Once we’ve found the genes, we need to work out what proteins they produce, and to understand their time and place of expression. Investigation in all of these areas is going forward at a great pace. None of these jobs is finite—it’s quite unlike sequencing the human genome, because every time you do a gene expression experiment you’re going to get a different answer, depending on the conditions. You could in principle set up a factory and try to collect a massive set of data, but it’s most useful if people who are working on particular mechanisms of the body each carry out their own studies on the tissues that interest them.
Then there’s the idea of collecting all the proteins, looking at all the interactions between them—‘proteomics’ is the new hot area for both academic labs and private companies. You can portray it as a Tower of Babel—‘You can’t possibly understand all that!’—but because people work on subsystems, we will gradually fit together these pieces of the mechanism. Richard Dawkins’s lovely phrase the ‘blind watchmaker’ is exactly right: we are finding all these little pieces of clockwork that have been put together in the most
irrational way to make the whole thing work. And the neat thing about the pieces of mechanism is that many of them are the same in the human as they are in the worm and the fruit fly. Some of the most fundamental mechanisms, such as the cell death pathway that removes unwanted cells, were first studied in the worm, and some of the same genes control programmed cell death in the human.

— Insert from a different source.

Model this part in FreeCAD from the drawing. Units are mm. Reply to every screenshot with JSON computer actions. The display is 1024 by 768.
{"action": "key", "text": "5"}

Somewhere in the genome will be the answer to what makes us different from all the other species—what makes us human. But it’s very unlikely to be as simple as having a gene or two that chimps don’t have. We will need to know much more about how the whole system acts in concert before we truly understand ourselves.
At Francis Collins’s suggestion we concluded our paper on the draft genome with an ironic echo of Watson and Crick’s famous understatement in their 1953 announcement of the structure of DNA. ‘It has not escaped our notice,’ we wrote, ‘that the more we learn about the human genome, the more there is to explore.’ By making the genome sequence freely available, we made sure that the number of explorers would be unlimited.